• DATA:
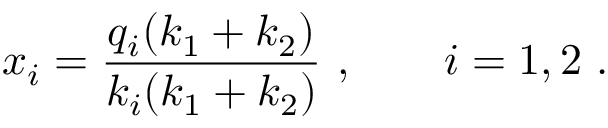Convert formula to latex. <formula><loc_0><loc_0><loc_500><loc_500>x _ { i } = \frac { q _ { i } ( k _ { 1 } + k _ { 2 } ) } { k _ { i } ( k _ { 1 } + k _ { 2 } ) } , \quad i = 1 , 2 .</formula> 
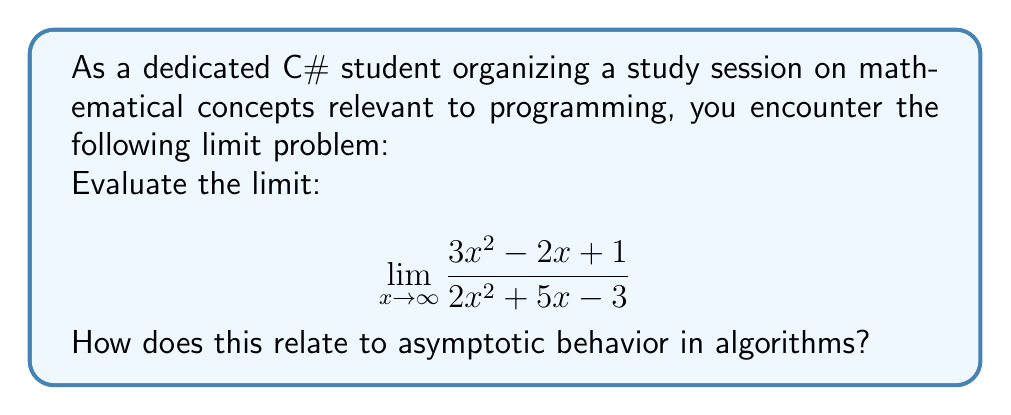Give your solution to this math problem. Let's approach this step-by-step:

1) When evaluating limits of rational functions as x approaches infinity, we focus on the highest degree terms in both numerator and denominator.

2) In this case, the highest degree term in both numerator and denominator is $x^2$.

3) We can factor out $x^2$ from both numerator and denominator:

   $$ \lim_{x \to \infty} \frac{x^2(3 - \frac{2}{x} + \frac{1}{x^2})}{x^2(2 + \frac{5}{x} - \frac{3}{x^2})} $$

4) As $x$ approaches infinity, $\frac{1}{x}$ and $\frac{1}{x^2}$ approach 0, so we can simplify:

   $$ \lim_{x \to \infty} \frac{x^2(3)}{x^2(2)} = \frac{3}{2} $$

5) The $x^2$ terms cancel out, leaving us with the ratio of the coefficients of the highest degree terms.

Relating to C# and algorithms:
This concept is crucial in understanding the asymptotic behavior of algorithms. In Big O notation, we often ignore lower-order terms and constants, focusing on the highest-order term, similar to how we evaluated this limit. For example, an algorithm with time complexity $3n^2 - 2n + 1$ would be considered $O(n^2)$, just as this limit focused on the $x^2$ terms.
Answer: $\frac{3}{2}$ 
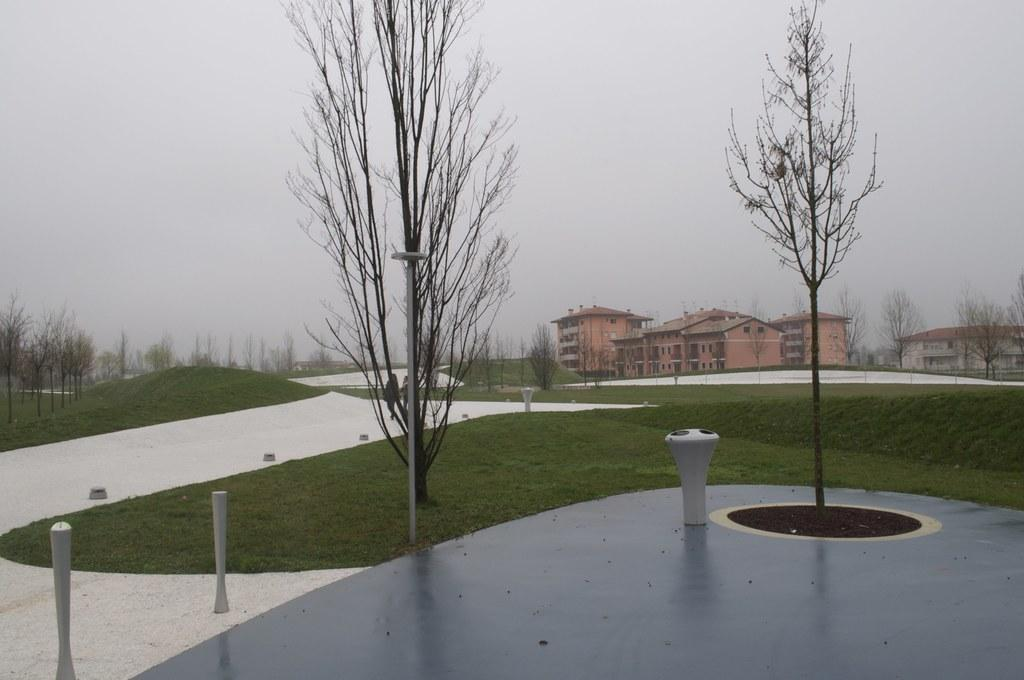What type of structures can be seen in the image? There are buildings in the image. What natural elements are present in the image? There are trees and grass in the image. What is the path used for in the image? The path is likely used for walking or traveling between the buildings and trees. What are the barrier rods used for in the image? The barrier rods might be used to separate or protect certain areas in the image. What can be seen in the background of the image? The sky is visible in the background of the image. What type of store can be seen in the image? There is no store present in the image. How many birds are visible in the image? There are no birds visible in the image. 
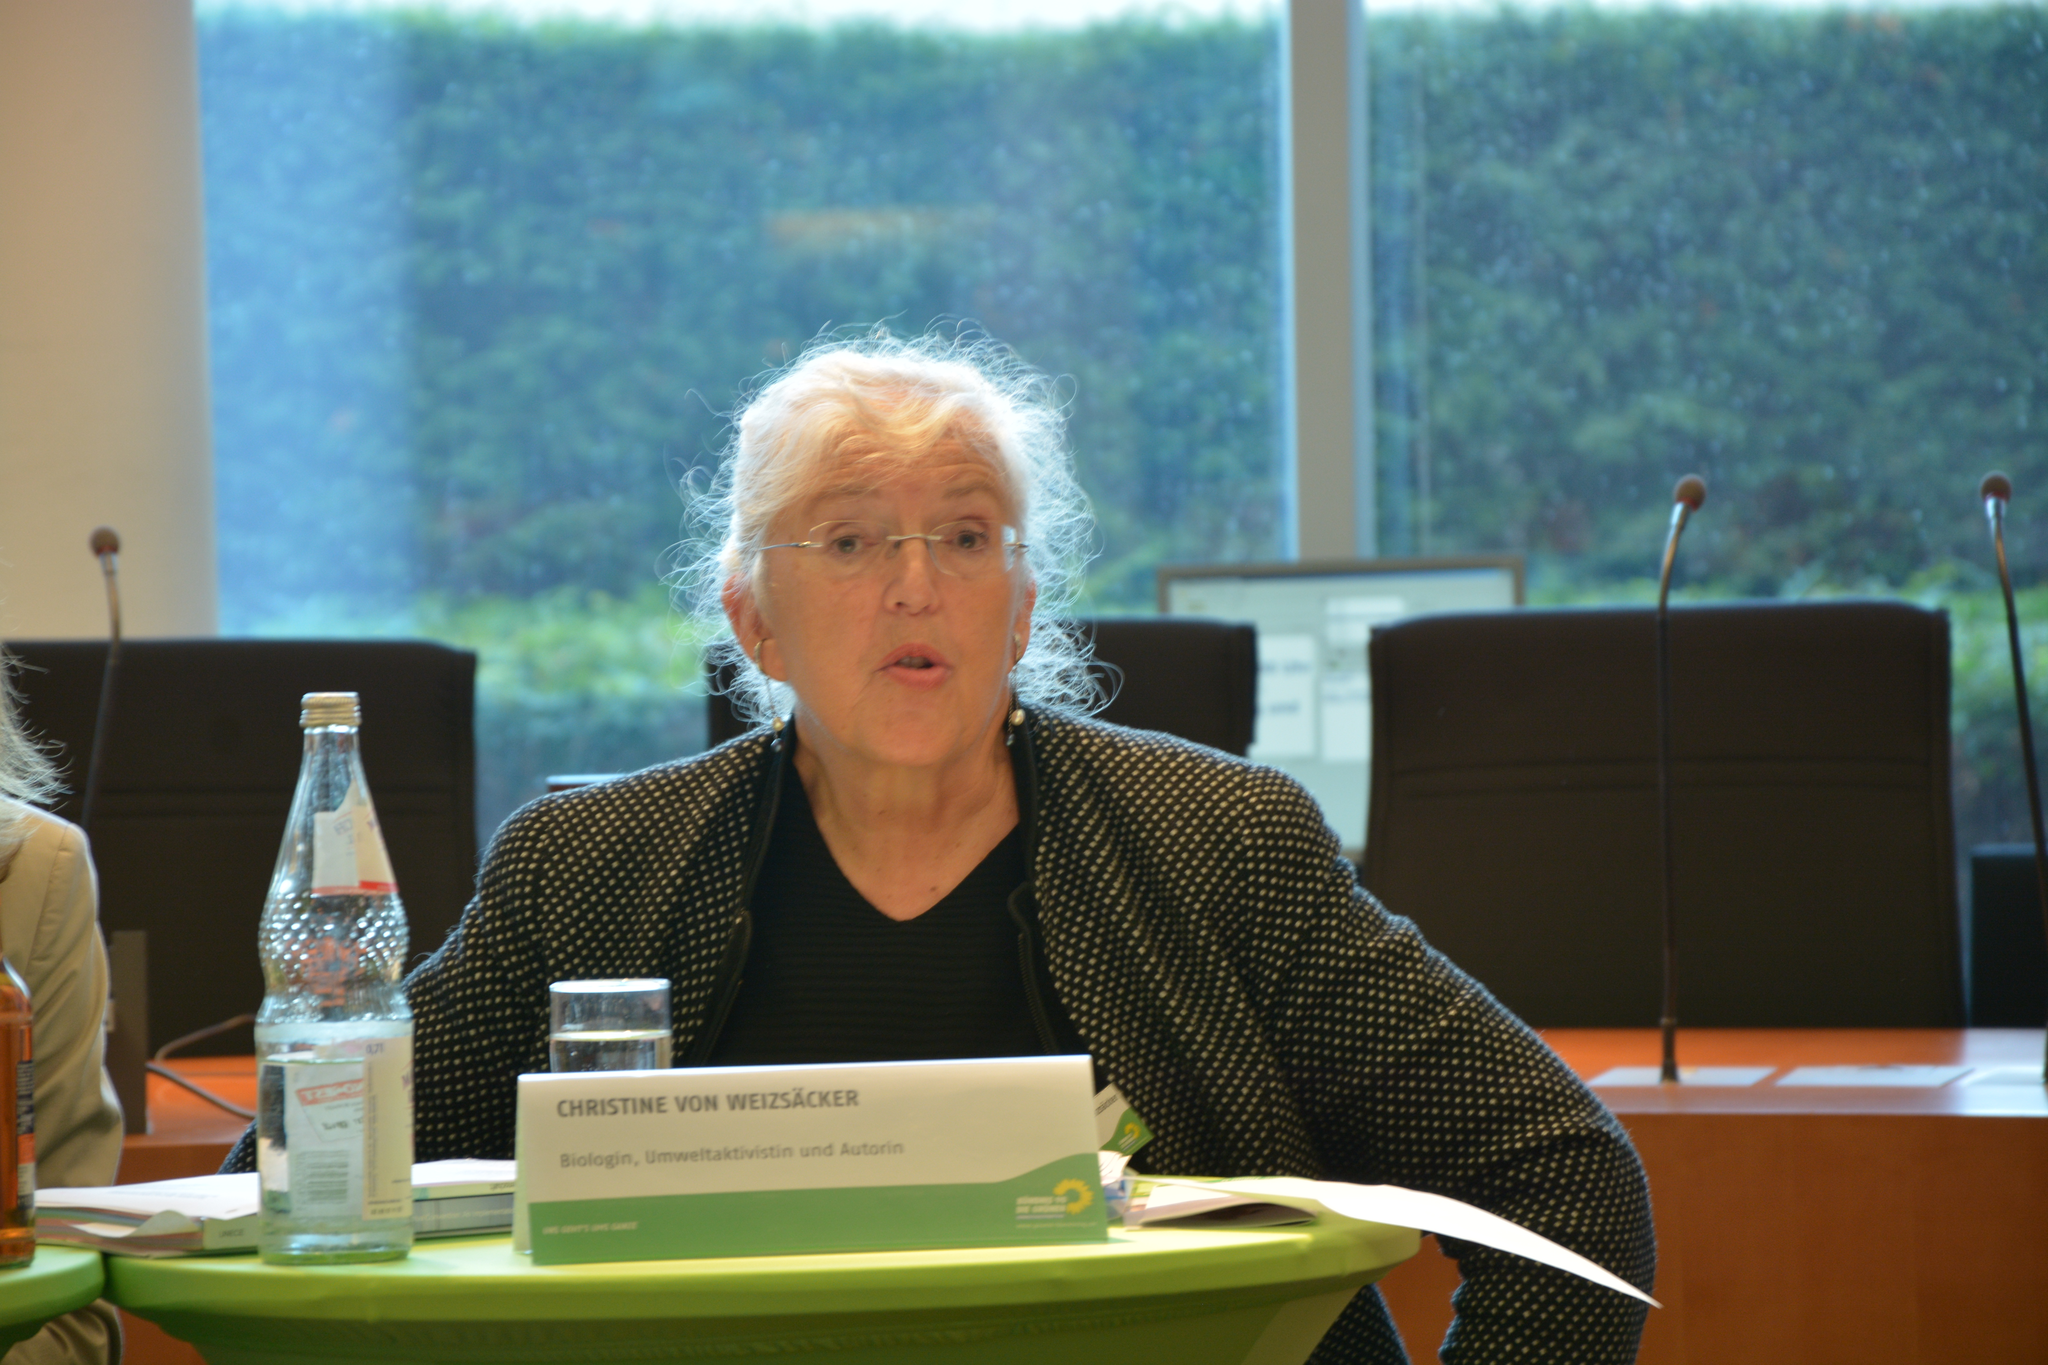<image>
Provide a brief description of the given image. An older nady whose name is Christine von Weizsacker 
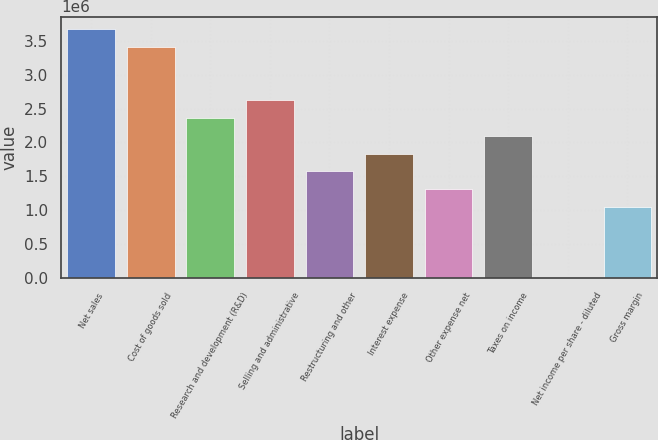<chart> <loc_0><loc_0><loc_500><loc_500><bar_chart><fcel>Net sales<fcel>Cost of goods sold<fcel>Research and development (R&D)<fcel>Selling and administrative<fcel>Restructuring and other<fcel>Interest expense<fcel>Other expense net<fcel>Taxes on income<fcel>Net income per share - diluted<fcel>Gross margin<nl><fcel>3.67201e+06<fcel>3.40972e+06<fcel>2.36058e+06<fcel>2.62286e+06<fcel>1.57372e+06<fcel>1.836e+06<fcel>1.31143e+06<fcel>2.09829e+06<fcel>3.26<fcel>1.04915e+06<nl></chart> 
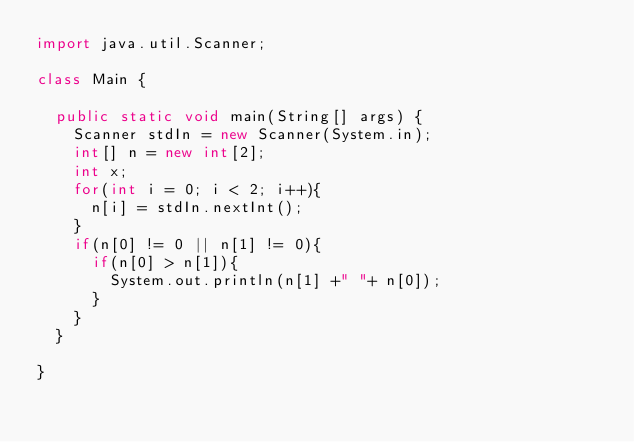Convert code to text. <code><loc_0><loc_0><loc_500><loc_500><_Java_>import java.util.Scanner;

class Main {

	public static void main(String[] args) {
		Scanner stdIn = new Scanner(System.in);
		int[] n = new int[2];
		int x;
		for(int i = 0; i < 2; i++){
			n[i] = stdIn.nextInt();
		}
		if(n[0] != 0 || n[1] != 0){
			if(n[0] > n[1]){
				System.out.println(n[1] +" "+ n[0]);
			}
		}
	}

}</code> 
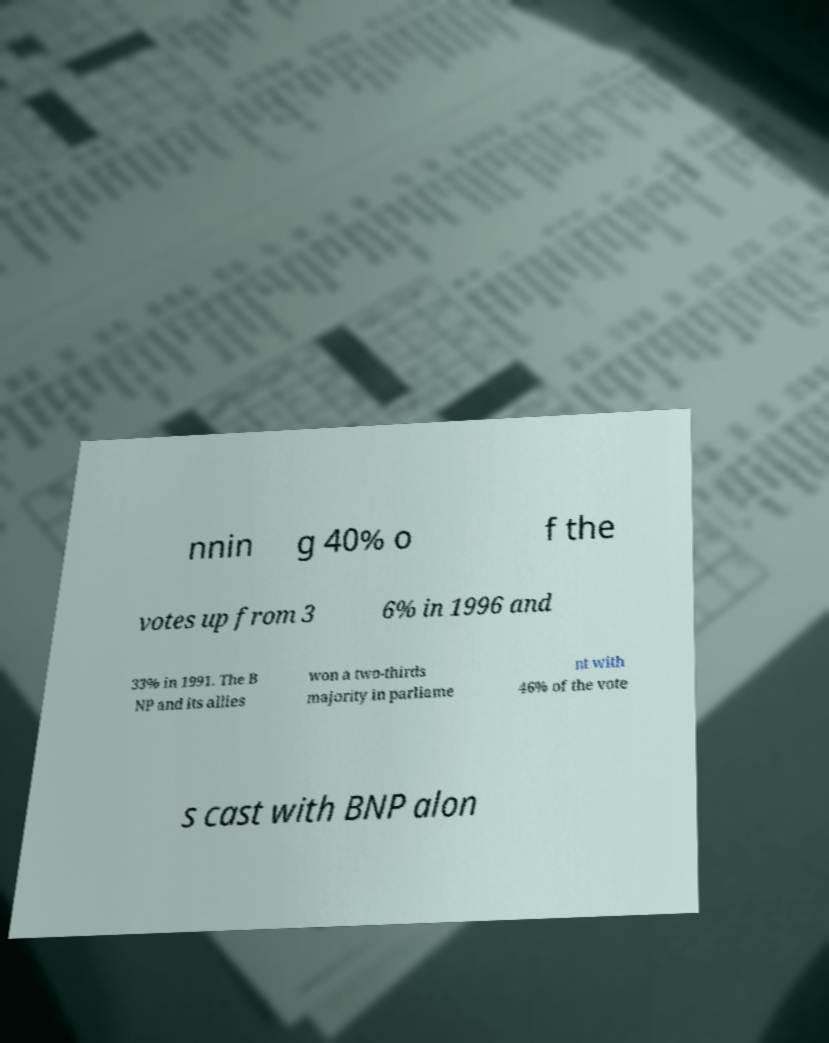Could you assist in decoding the text presented in this image and type it out clearly? nnin g 40% o f the votes up from 3 6% in 1996 and 33% in 1991. The B NP and its allies won a two-thirds majority in parliame nt with 46% of the vote s cast with BNP alon 
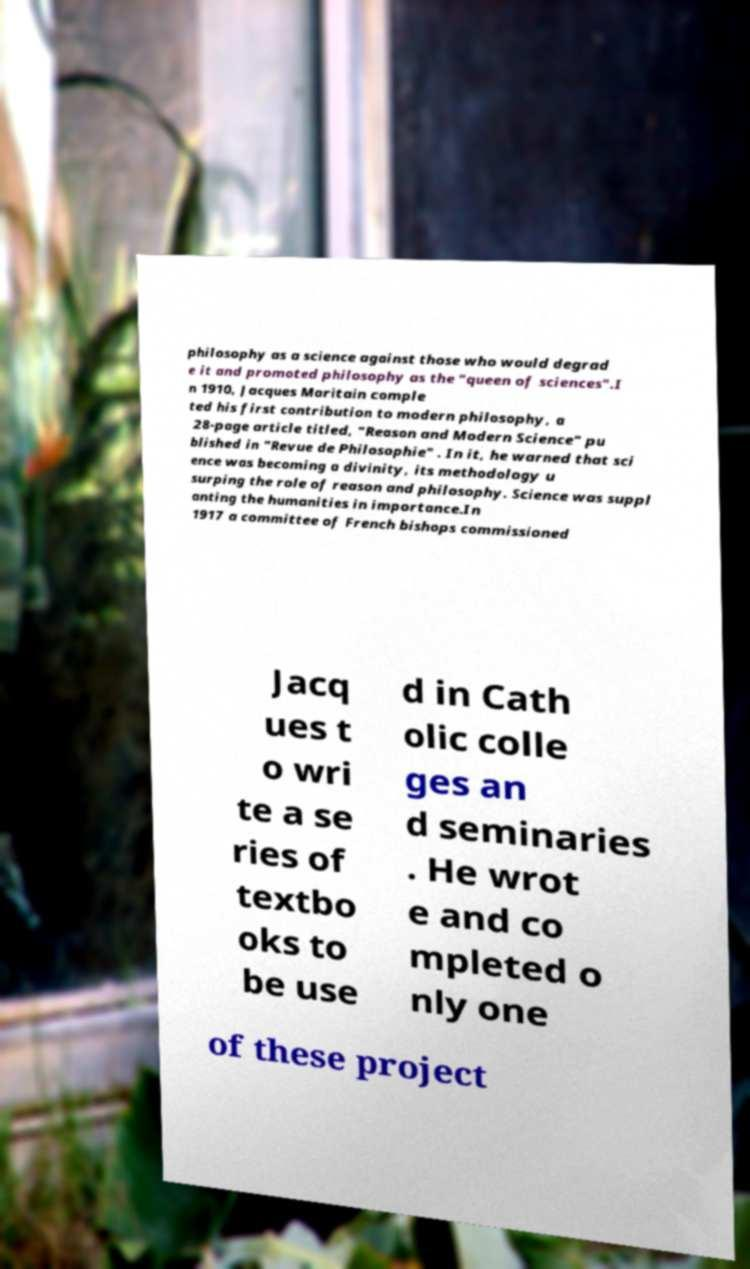I need the written content from this picture converted into text. Can you do that? philosophy as a science against those who would degrad e it and promoted philosophy as the "queen of sciences".I n 1910, Jacques Maritain comple ted his first contribution to modern philosophy, a 28-page article titled, "Reason and Modern Science" pu blished in "Revue de Philosophie" . In it, he warned that sci ence was becoming a divinity, its methodology u surping the role of reason and philosophy. Science was suppl anting the humanities in importance.In 1917 a committee of French bishops commissioned Jacq ues t o wri te a se ries of textbo oks to be use d in Cath olic colle ges an d seminaries . He wrot e and co mpleted o nly one of these project 
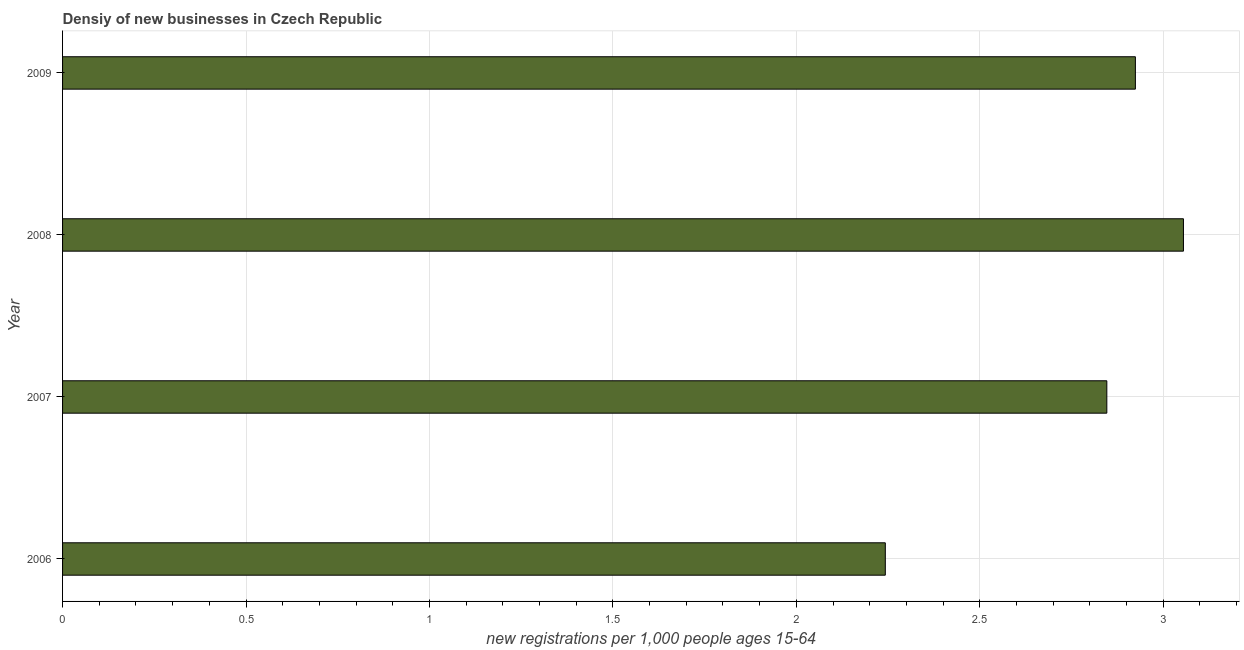Does the graph contain any zero values?
Your response must be concise. No. What is the title of the graph?
Make the answer very short. Densiy of new businesses in Czech Republic. What is the label or title of the X-axis?
Offer a very short reply. New registrations per 1,0 people ages 15-64. What is the label or title of the Y-axis?
Provide a succinct answer. Year. What is the density of new business in 2007?
Your answer should be very brief. 2.85. Across all years, what is the maximum density of new business?
Ensure brevity in your answer.  3.06. Across all years, what is the minimum density of new business?
Offer a terse response. 2.24. In which year was the density of new business maximum?
Ensure brevity in your answer.  2008. In which year was the density of new business minimum?
Give a very brief answer. 2006. What is the sum of the density of new business?
Offer a very short reply. 11.07. What is the difference between the density of new business in 2006 and 2007?
Give a very brief answer. -0.6. What is the average density of new business per year?
Provide a succinct answer. 2.77. What is the median density of new business?
Keep it short and to the point. 2.89. In how many years, is the density of new business greater than 2.6 ?
Give a very brief answer. 3. What is the ratio of the density of new business in 2006 to that in 2008?
Your answer should be compact. 0.73. Is the density of new business in 2007 less than that in 2008?
Your answer should be compact. Yes. What is the difference between the highest and the second highest density of new business?
Offer a terse response. 0.13. Is the sum of the density of new business in 2006 and 2009 greater than the maximum density of new business across all years?
Give a very brief answer. Yes. What is the difference between the highest and the lowest density of new business?
Offer a very short reply. 0.81. In how many years, is the density of new business greater than the average density of new business taken over all years?
Ensure brevity in your answer.  3. Are all the bars in the graph horizontal?
Keep it short and to the point. Yes. How many years are there in the graph?
Ensure brevity in your answer.  4. What is the new registrations per 1,000 people ages 15-64 in 2006?
Provide a succinct answer. 2.24. What is the new registrations per 1,000 people ages 15-64 in 2007?
Your answer should be compact. 2.85. What is the new registrations per 1,000 people ages 15-64 of 2008?
Make the answer very short. 3.06. What is the new registrations per 1,000 people ages 15-64 of 2009?
Your answer should be very brief. 2.92. What is the difference between the new registrations per 1,000 people ages 15-64 in 2006 and 2007?
Provide a short and direct response. -0.6. What is the difference between the new registrations per 1,000 people ages 15-64 in 2006 and 2008?
Offer a terse response. -0.81. What is the difference between the new registrations per 1,000 people ages 15-64 in 2006 and 2009?
Ensure brevity in your answer.  -0.68. What is the difference between the new registrations per 1,000 people ages 15-64 in 2007 and 2008?
Give a very brief answer. -0.21. What is the difference between the new registrations per 1,000 people ages 15-64 in 2007 and 2009?
Give a very brief answer. -0.08. What is the difference between the new registrations per 1,000 people ages 15-64 in 2008 and 2009?
Your answer should be very brief. 0.13. What is the ratio of the new registrations per 1,000 people ages 15-64 in 2006 to that in 2007?
Give a very brief answer. 0.79. What is the ratio of the new registrations per 1,000 people ages 15-64 in 2006 to that in 2008?
Offer a terse response. 0.73. What is the ratio of the new registrations per 1,000 people ages 15-64 in 2006 to that in 2009?
Give a very brief answer. 0.77. What is the ratio of the new registrations per 1,000 people ages 15-64 in 2007 to that in 2008?
Provide a succinct answer. 0.93. What is the ratio of the new registrations per 1,000 people ages 15-64 in 2008 to that in 2009?
Ensure brevity in your answer.  1.04.

• TASK BRIEF: Retype, in the same exact form, the lines of the material above from the line holding "Keep it short and to the point. 2.89." through the line holding "Give a very brief answer. 3.".

• YOUR SOLUTION:
Keep it short and to the point. 2.89. In how many years, is the density of new business greater than 2.6 ?
Give a very brief answer. 3. What is the ratio of the density of new business in 2006 to that in 2008?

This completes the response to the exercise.